Work required —
Go through the entries below and print each one exactly.
# # #
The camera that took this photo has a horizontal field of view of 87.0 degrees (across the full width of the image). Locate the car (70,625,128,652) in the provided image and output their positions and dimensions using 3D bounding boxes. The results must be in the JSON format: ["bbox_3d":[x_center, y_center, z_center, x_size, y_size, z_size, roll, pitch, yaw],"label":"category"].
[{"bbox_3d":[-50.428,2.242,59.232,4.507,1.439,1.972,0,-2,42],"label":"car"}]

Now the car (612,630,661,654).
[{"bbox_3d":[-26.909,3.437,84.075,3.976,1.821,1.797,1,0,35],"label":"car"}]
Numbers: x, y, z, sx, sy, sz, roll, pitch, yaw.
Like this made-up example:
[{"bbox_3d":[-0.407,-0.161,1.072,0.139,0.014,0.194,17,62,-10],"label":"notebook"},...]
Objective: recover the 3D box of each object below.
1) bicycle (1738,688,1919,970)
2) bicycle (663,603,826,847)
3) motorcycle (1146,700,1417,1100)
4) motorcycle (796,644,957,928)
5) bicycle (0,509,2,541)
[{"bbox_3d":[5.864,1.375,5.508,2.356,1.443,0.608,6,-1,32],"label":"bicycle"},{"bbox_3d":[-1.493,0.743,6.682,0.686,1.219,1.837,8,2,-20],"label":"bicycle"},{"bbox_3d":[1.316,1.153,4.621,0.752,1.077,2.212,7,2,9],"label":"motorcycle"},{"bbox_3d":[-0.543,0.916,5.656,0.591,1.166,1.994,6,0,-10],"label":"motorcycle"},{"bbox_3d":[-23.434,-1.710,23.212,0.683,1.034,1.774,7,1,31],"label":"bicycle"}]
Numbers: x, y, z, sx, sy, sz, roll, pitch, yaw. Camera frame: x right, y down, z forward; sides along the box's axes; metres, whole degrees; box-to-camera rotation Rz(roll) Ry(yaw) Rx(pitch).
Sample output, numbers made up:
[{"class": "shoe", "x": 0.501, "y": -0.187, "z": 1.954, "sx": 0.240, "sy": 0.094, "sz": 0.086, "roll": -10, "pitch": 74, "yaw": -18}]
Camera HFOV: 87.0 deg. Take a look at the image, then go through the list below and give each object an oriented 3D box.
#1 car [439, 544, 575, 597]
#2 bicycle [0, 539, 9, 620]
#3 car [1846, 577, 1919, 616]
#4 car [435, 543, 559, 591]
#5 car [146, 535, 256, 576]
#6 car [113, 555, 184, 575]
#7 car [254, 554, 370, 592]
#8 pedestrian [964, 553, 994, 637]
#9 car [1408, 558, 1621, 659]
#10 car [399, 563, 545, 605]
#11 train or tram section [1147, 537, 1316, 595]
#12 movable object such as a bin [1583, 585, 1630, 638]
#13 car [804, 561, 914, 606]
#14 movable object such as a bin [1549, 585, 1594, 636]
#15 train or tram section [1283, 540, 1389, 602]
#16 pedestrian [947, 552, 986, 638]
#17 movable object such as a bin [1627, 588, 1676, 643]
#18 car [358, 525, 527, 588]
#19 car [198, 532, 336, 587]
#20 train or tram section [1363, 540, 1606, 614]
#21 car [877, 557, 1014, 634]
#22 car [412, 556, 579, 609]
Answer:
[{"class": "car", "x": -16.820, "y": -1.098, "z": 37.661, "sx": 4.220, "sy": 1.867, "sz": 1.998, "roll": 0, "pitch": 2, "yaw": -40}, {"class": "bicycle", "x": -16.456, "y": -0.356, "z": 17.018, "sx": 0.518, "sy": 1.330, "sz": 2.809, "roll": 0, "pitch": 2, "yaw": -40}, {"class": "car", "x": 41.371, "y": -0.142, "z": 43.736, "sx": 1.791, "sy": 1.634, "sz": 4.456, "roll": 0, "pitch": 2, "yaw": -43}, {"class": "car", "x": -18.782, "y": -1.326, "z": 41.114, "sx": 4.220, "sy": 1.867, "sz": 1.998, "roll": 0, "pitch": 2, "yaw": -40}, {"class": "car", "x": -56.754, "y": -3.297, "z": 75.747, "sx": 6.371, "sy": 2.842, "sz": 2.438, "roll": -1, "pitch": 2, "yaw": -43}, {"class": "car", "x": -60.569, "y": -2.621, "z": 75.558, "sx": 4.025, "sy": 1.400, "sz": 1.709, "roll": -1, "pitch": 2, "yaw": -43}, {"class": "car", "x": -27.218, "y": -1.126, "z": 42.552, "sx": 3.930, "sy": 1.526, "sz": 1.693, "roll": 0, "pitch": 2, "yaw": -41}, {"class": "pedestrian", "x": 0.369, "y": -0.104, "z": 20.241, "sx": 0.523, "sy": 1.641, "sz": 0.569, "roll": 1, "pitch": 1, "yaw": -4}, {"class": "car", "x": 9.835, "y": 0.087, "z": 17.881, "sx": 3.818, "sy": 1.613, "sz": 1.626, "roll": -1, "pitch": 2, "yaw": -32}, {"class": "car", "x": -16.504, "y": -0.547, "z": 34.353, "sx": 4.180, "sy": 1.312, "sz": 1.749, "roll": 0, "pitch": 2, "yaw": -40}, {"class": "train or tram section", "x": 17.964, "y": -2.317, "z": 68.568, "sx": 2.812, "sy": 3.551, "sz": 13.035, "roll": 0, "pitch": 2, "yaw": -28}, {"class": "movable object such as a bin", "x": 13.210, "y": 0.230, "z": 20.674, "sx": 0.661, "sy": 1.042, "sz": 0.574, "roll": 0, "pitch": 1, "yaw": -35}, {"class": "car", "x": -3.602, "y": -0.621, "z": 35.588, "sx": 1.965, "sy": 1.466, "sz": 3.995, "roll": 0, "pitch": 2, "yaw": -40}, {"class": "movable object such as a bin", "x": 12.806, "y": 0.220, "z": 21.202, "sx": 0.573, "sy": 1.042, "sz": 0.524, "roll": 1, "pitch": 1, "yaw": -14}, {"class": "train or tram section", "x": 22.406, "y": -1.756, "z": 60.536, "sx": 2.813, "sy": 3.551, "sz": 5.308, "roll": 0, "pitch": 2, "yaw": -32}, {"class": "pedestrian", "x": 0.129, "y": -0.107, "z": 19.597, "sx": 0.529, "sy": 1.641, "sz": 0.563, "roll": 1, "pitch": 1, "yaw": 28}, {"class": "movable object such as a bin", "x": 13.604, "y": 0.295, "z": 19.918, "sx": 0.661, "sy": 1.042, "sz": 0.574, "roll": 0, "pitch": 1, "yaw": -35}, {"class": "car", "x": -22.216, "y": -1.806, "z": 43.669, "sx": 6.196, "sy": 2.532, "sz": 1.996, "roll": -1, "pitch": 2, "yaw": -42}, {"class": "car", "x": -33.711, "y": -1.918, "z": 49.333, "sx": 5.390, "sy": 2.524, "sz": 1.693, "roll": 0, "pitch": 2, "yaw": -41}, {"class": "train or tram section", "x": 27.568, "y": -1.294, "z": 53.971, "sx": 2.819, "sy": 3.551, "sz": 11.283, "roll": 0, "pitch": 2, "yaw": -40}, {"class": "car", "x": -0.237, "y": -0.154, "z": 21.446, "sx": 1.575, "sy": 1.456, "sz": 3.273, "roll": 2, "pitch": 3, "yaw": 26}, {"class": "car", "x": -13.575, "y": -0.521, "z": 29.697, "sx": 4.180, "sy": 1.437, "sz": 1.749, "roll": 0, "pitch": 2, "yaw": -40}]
# # #
Result of the exercise —
The camera that took this photo has a horizontal field of view of 87.0 degrees (across the full width of the image). Locate the car (70,625,128,652) in the provided image and output their positions and dimensions using 3D bounding boxes. The results must be in the JSON format: ["bbox_3d":[x_center, y_center, z_center, x_size, y_size, z_size, roll, pitch, yaw],"label":"category"].
[{"bbox_3d":[-50.428,2.242,59.232,4.507,1.439,1.972,0,-2,42],"label":"car"}]

Now the car (612,630,661,654).
[{"bbox_3d":[-26.909,3.437,84.075,3.976,1.821,1.797,1,0,35],"label":"car"}]
Numbers: x, y, z, sx, sy, sz, roll, pitch, yaw.
Like this made-up example:
[{"bbox_3d":[-0.407,-0.161,1.072,0.139,0.014,0.194,17,62,-10],"label":"notebook"},...]
Objective: recover the 3D box of each object below.
1) bicycle (1738,688,1919,970)
2) bicycle (663,603,826,847)
3) motorcycle (1146,700,1417,1100)
4) motorcycle (796,644,957,928)
5) bicycle (0,509,2,541)
[{"bbox_3d":[5.864,1.375,5.508,2.356,1.443,0.608,6,-1,32],"label":"bicycle"},{"bbox_3d":[-1.493,0.743,6.682,0.686,1.219,1.837,8,2,-20],"label":"bicycle"},{"bbox_3d":[1.316,1.153,4.621,0.752,1.077,2.212,7,2,9],"label":"motorcycle"},{"bbox_3d":[-0.543,0.916,5.656,0.591,1.166,1.994,6,0,-10],"label":"motorcycle"},{"bbox_3d":[-23.434,-1.710,23.212,0.683,1.034,1.774,7,1,31],"label":"bicycle"}]
Numbers: x, y, z, sx, sy, sz, roll, pitch, yaw. Camera frame: x right, y down, z forward; sides along the box's axes; metres, whole degrees; box-to-camera rotation Rz(roll) Ry(yaw) Rx(pitch).
Sample output, numbers made up:
[{"class": "shoe", "x": 0.501, "y": -0.187, "z": 1.954, "sx": 0.240, "sy": 0.094, "sz": 0.086, "roll": -10, "pitch": 74, "yaw": -18}]
Camera HFOV: 87.0 deg. Take a look at the image, then go through the list below and give each object an oriented 3D box.
#1 car [439, 544, 575, 597]
#2 bicycle [0, 539, 9, 620]
#3 car [1846, 577, 1919, 616]
#4 car [435, 543, 559, 591]
#5 car [146, 535, 256, 576]
#6 car [113, 555, 184, 575]
#7 car [254, 554, 370, 592]
#8 pedestrian [964, 553, 994, 637]
#9 car [1408, 558, 1621, 659]
#10 car [399, 563, 545, 605]
#11 train or tram section [1147, 537, 1316, 595]
#12 movable object such as a bin [1583, 585, 1630, 638]
#13 car [804, 561, 914, 606]
#14 movable object such as a bin [1549, 585, 1594, 636]
#15 train or tram section [1283, 540, 1389, 602]
#16 pedestrian [947, 552, 986, 638]
#17 movable object such as a bin [1627, 588, 1676, 643]
#18 car [358, 525, 527, 588]
#19 car [198, 532, 336, 587]
#20 train or tram section [1363, 540, 1606, 614]
#21 car [877, 557, 1014, 634]
#22 car [412, 556, 579, 609]
Answer:
[{"class": "car", "x": -16.820, "y": -1.098, "z": 37.661, "sx": 4.220, "sy": 1.867, "sz": 1.998, "roll": 0, "pitch": 2, "yaw": -40}, {"class": "bicycle", "x": -16.456, "y": -0.356, "z": 17.018, "sx": 0.518, "sy": 1.330, "sz": 2.809, "roll": 0, "pitch": 2, "yaw": -40}, {"class": "car", "x": 41.371, "y": -0.142, "z": 43.736, "sx": 1.791, "sy": 1.634, "sz": 4.456, "roll": 0, "pitch": 2, "yaw": -43}, {"class": "car", "x": -18.782, "y": -1.326, "z": 41.114, "sx": 4.220, "sy": 1.867, "sz": 1.998, "roll": 0, "pitch": 2, "yaw": -40}, {"class": "car", "x": -56.754, "y": -3.297, "z": 75.747, "sx": 6.371, "sy": 2.842, "sz": 2.438, "roll": -1, "pitch": 2, "yaw": -43}, {"class": "car", "x": -60.569, "y": -2.621, "z": 75.558, "sx": 4.025, "sy": 1.400, "sz": 1.709, "roll": -1, "pitch": 2, "yaw": -43}, {"class": "car", "x": -27.218, "y": -1.126, "z": 42.552, "sx": 3.930, "sy": 1.526, "sz": 1.693, "roll": 0, "pitch": 2, "yaw": -41}, {"class": "pedestrian", "x": 0.369, "y": -0.104, "z": 20.241, "sx": 0.523, "sy": 1.641, "sz": 0.569, "roll": 1, "pitch": 1, "yaw": -4}, {"class": "car", "x": 9.835, "y": 0.087, "z": 17.881, "sx": 3.818, "sy": 1.613, "sz": 1.626, "roll": -1, "pitch": 2, "yaw": -32}, {"class": "car", "x": -16.504, "y": -0.547, "z": 34.353, "sx": 4.180, "sy": 1.312, "sz": 1.749, "roll": 0, "pitch": 2, "yaw": -40}, {"class": "train or tram section", "x": 17.964, "y": -2.317, "z": 68.568, "sx": 2.812, "sy": 3.551, "sz": 13.035, "roll": 0, "pitch": 2, "yaw": -28}, {"class": "movable object such as a bin", "x": 13.210, "y": 0.230, "z": 20.674, "sx": 0.661, "sy": 1.042, "sz": 0.574, "roll": 0, "pitch": 1, "yaw": -35}, {"class": "car", "x": -3.602, "y": -0.621, "z": 35.588, "sx": 1.965, "sy": 1.466, "sz": 3.995, "roll": 0, "pitch": 2, "yaw": -40}, {"class": "movable object such as a bin", "x": 12.806, "y": 0.220, "z": 21.202, "sx": 0.573, "sy": 1.042, "sz": 0.524, "roll": 1, "pitch": 1, "yaw": -14}, {"class": "train or tram section", "x": 22.406, "y": -1.756, "z": 60.536, "sx": 2.813, "sy": 3.551, "sz": 5.308, "roll": 0, "pitch": 2, "yaw": -32}, {"class": "pedestrian", "x": 0.129, "y": -0.107, "z": 19.597, "sx": 0.529, "sy": 1.641, "sz": 0.563, "roll": 1, "pitch": 1, "yaw": 28}, {"class": "movable object such as a bin", "x": 13.604, "y": 0.295, "z": 19.918, "sx": 0.661, "sy": 1.042, "sz": 0.574, "roll": 0, "pitch": 1, "yaw": -35}, {"class": "car", "x": -22.216, "y": -1.806, "z": 43.669, "sx": 6.196, "sy": 2.532, "sz": 1.996, "roll": -1, "pitch": 2, "yaw": -42}, {"class": "car", "x": -33.711, "y": -1.918, "z": 49.333, "sx": 5.390, "sy": 2.524, "sz": 1.693, "roll": 0, "pitch": 2, "yaw": -41}, {"class": "train or tram section", "x": 27.568, "y": -1.294, "z": 53.971, "sx": 2.819, "sy": 3.551, "sz": 11.283, "roll": 0, "pitch": 2, "yaw": -40}, {"class": "car", "x": -0.237, "y": -0.154, "z": 21.446, "sx": 1.575, "sy": 1.456, "sz": 3.273, "roll": 2, "pitch": 3, "yaw": 26}, {"class": "car", "x": -13.575, "y": -0.521, "z": 29.697, "sx": 4.180, "sy": 1.437, "sz": 1.749, "roll": 0, "pitch": 2, "yaw": -40}]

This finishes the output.